Help find flaws with code for Median using min max


#1



My code got through the test but I am unsure if it I missed any cases that might break the code. I used min() and max() methods to get the median. Please critique my code! Thank you.


def median(lst):
    result = []
    #Create new list for edits
    for i in lst:
        result.append(i)
    #For lists with odd index
    if len(result) % 2 != 0:    
        while max(result) != min(result):
            result.remove(max(result))
            if max(result) != min(result):
                result.remove(min(result))
        return result[0]
    #For lists with even index
    else:
        while len(result) > 2:
            result.remove(max(result))
            if max(result) != min(result):
                result.remove(min(result))            
        return (result[0] + result[1]) / 2.0
            
    

print(median([4,5,6,7,]))


#2

For correctness you'd need to consider all possible lengths of that list, if you convince yourself that it's correct for lengths 1, 2, 3 and that adding any length to that will just add iterations then you've done a fairly good assessment of its correctness.

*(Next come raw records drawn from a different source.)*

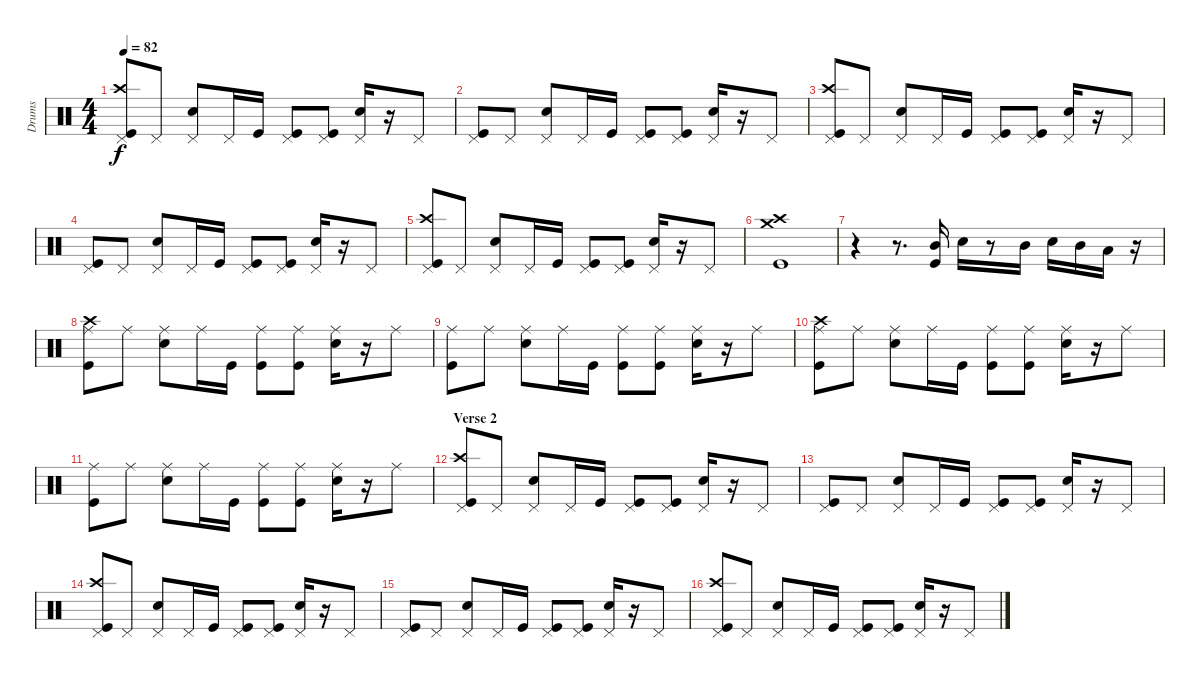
\track ("Drums" "Drums") {instrument percussion}
\staff {score}
\articulation defaults
\ts (4 4)
\tempo 82
\clef neutral
\ks c
("Kick (hit)" "Crash high (hit)" "Pedal Hi-Hat (hit)").8{dy f} "Pedal Hi-Hat (hit)".8 ("Electric Snare (hit)" "Pedal Hi-Hat (hit)").8 "Pedal Hi-Hat (hit)".16 "Kick (hit)".16 ("Kick (hit)" "Pedal Hi-Hat (hit)").8 ("Kick (hit)" "Pedal Hi-Hat (hit)").8 ("Electric Snare (hit)" "Pedal Hi-Hat (hit)").16 r.16 "Pedal Hi-Hat (hit)".8 |
("Kick (hit)" "Pedal Hi-Hat (hit)").8 "Pedal Hi-Hat (hit)".8 ("Electric Snare (hit)" "Pedal Hi-Hat (hit)").8 "Pedal Hi-Hat (hit)".16 "Kick (hit)".16 ("Kick (hit)" "Pedal Hi-Hat (hit)").8 ("Kick (hit)" "Pedal Hi-Hat (hit)").8 ("Electric Snare (hit)" "Pedal Hi-Hat (hit)").16 r.16 "Pedal Hi-Hat (hit)".8 |
("Kick (hit)" "Crash high (hit)" "Pedal Hi-Hat (hit)").8 "Pedal Hi-Hat (hit)".8 ("Electric Snare (hit)" "Pedal Hi-Hat (hit)").8 "Pedal Hi-Hat (hit)".16 "Kick (hit)".16 ("Kick (hit)" "Pedal Hi-Hat (hit)").8 ("Kick (hit)" "Pedal Hi-Hat (hit)").8 ("Electric Snare (hit)" "Pedal Hi-Hat (hit)").16 r.16 "Pedal Hi-Hat (hit)".8 |
("Kick (hit)" "Pedal Hi-Hat (hit)").8 "Pedal Hi-Hat (hit)".8 ("Electric Snare (hit)" "Pedal Hi-Hat (hit)").8 "Pedal Hi-Hat (hit)".16 "Kick (hit)".16 ("Kick (hit)" "Pedal Hi-Hat (hit)").8 ("Kick (hit)" "Pedal Hi-Hat (hit)").8 ("Electric Snare (hit)" "Pedal Hi-Hat (hit)").16 r.16 "Pedal Hi-Hat (hit)".8 |
("Kick (hit)" "Crash high (hit)" "Pedal Hi-Hat (hit)").8 "Pedal Hi-Hat (hit)".8 ("Electric Snare (hit)" "Pedal Hi-Hat (hit)").8 "Pedal Hi-Hat (hit)".16 "Kick (hit)".16 ("Kick (hit)" "Pedal Hi-Hat (hit)").8 ("Kick (hit)" "Pedal Hi-Hat (hit)").8 ("Electric Snare (hit)" "Pedal Hi-Hat (hit)").16 r.16 "Pedal Hi-Hat (hit)".8 |
("Kick (hit)" "Crash high (hit)" "Crash medium (hit)").1 |
r.4 r.8{d} ("Kick (hit)" "Mid Tom (hit)").16 "Electric Snare (hit)".16 r.8 "Mid Tom (hit)".16 "Electric Snare (hit)".16 "Mid Tom (hit)".16 "Low Tom (hit)".16 r.16 |
("Kick (hit)" "Crash high (hit)" "Ride (middle)").8 "Ride (middle)".8 ("Electric Snare (hit)" "Ride (middle)").8 "Ride (middle)".16 "Kick (hit)".16 ("Kick (hit)" "Ride (middle)").8 ("Kick (hit)" "Ride (middle)").8 ("Electric Snare (hit)" "Ride (middle)").16 r.16 "Ride (middle)".8 |
("Kick (hit)" "Ride (middle)").8 "Ride (middle)".8 ("Electric Snare (hit)" "Ride (middle)").8 "Ride (middle)".16 "Kick (hit)".16 ("Kick (hit)" "Ride (middle)").8 ("Kick (hit)" "Ride (middle)").8 ("Electric Snare (hit)" "Ride (middle)").16 r.16 "Ride (middle)".8 |
("Kick (hit)" "Crash high (hit)" "Ride (middle)").8 "Ride (middle)".8 ("Electric Snare (hit)" "Ride (middle)").8 "Ride (middle)".16 "Kick (hit)".16 ("Kick (hit)" "Ride (middle)").8 ("Kick (hit)" "Ride (middle)").8 ("Electric Snare (hit)" "Ride (middle)").16 r.16 "Ride (middle)".8 |
("Kick (hit)" "Ride (middle)").8 "Ride (middle)".8 ("Electric Snare (hit)" "Ride (middle)").8 "Ride (middle)".16 "Kick (hit)".16 ("Kick (hit)" "Ride (middle)").8 ("Kick (hit)" "Ride (middle)").8 ("Electric Snare (hit)" "Ride (middle)").16 r.16 "Ride (middle)".8 |
\section ("" "Verse 2")
("Kick (hit)" "Crash high (hit)" "Pedal Hi-Hat (hit)").8 "Pedal Hi-Hat (hit)".8 ("Electric Snare (hit)" "Pedal Hi-Hat (hit)").8 "Pedal Hi-Hat (hit)".16 "Kick (hit)".16 ("Kick (hit)" "Pedal Hi-Hat (hit)").8 ("Kick (hit)" "Pedal Hi-Hat (hit)").8 ("Electric Snare (hit)" "Pedal Hi-Hat (hit)").16 r.16 "Pedal Hi-Hat (hit)".8 |
("Kick (hit)" "Pedal Hi-Hat (hit)").8 "Pedal Hi-Hat (hit)".8 ("Electric Snare (hit)" "Pedal Hi-Hat (hit)").8 "Pedal Hi-Hat (hit)".16 "Kick (hit)".16 ("Kick (hit)" "Pedal Hi-Hat (hit)").8 ("Kick (hit)" "Pedal Hi-Hat (hit)").8 ("Electric Snare (hit)" "Pedal Hi-Hat (hit)").16 r.16 "Pedal Hi-Hat (hit)".8 |
("Kick (hit)" "Crash high (hit)" "Pedal Hi-Hat (hit)").8 "Pedal Hi-Hat (hit)".8 ("Electric Snare (hit)" "Pedal Hi-Hat (hit)").8 "Pedal Hi-Hat (hit)".16 "Kick (hit)".16 ("Kick (hit)" "Pedal Hi-Hat (hit)").8 ("Kick (hit)" "Pedal Hi-Hat (hit)").8 ("Electric Snare (hit)" "Pedal Hi-Hat (hit)").16 r.16 "Pedal Hi-Hat (hit)".8 |
("Kick (hit)" "Pedal Hi-Hat (hit)").8 "Pedal Hi-Hat (hit)".8 ("Electric Snare (hit)" "Pedal Hi-Hat (hit)").8 "Pedal Hi-Hat (hit)".16 "Kick (hit)".16 ("Kick (hit)" "Pedal Hi-Hat (hit)").8 ("Kick (hit)" "Pedal Hi-Hat (hit)").8 ("Electric Snare (hit)" "Pedal Hi-Hat (hit)").16 r.16 "Pedal Hi-Hat (hit)".8 |
("Kick (hit)" "Crash high (hit)" "Pedal Hi-Hat (hit)").8 "Pedal Hi-Hat (hit)".8 ("Electric Snare (hit)" "Pedal Hi-Hat (hit)").8 "Pedal Hi-Hat (hit)".16 "Kick (hit)".16 ("Kick (hit)" "Pedal Hi-Hat (hit)").8 ("Kick (hit)" "Pedal Hi-Hat (hit)").8 ("Electric Snare (hit)" "Pedal Hi-Hat (hit)").16 r.16 "Pedal Hi-Hat (hit)".8

I would point out that it's slow for large lists. The best known amount of time required to find the median is linear, that is, for each extra length, the amount of time grows by the same amount. There's an algorithm called quick-select that can find the nth smallest value in linear time, that can be used to select the middle or middle two values. Yours is instead quadratic, because for each added length, you iterate through the whole list (actually half on average, but that's a negligible difference. Removing also takes linear time each time you do it). For example, for a list of size 1000, an optimal algorithm would take on the order of 1000 operations, while yours would take on the order of 1000000 operations.

If you're only concerned with correctness then that's fine, sometimes that's ok, like when you know that only small data input will be used.

Doing it in linear time is far beyond the level of this course. There may be libraries that can find the nth smallest value (numpy), that could be used. Something in-between though is sorting, comparison sort takes N log N time (for length 1000 that would would be on the order of 10000 operations)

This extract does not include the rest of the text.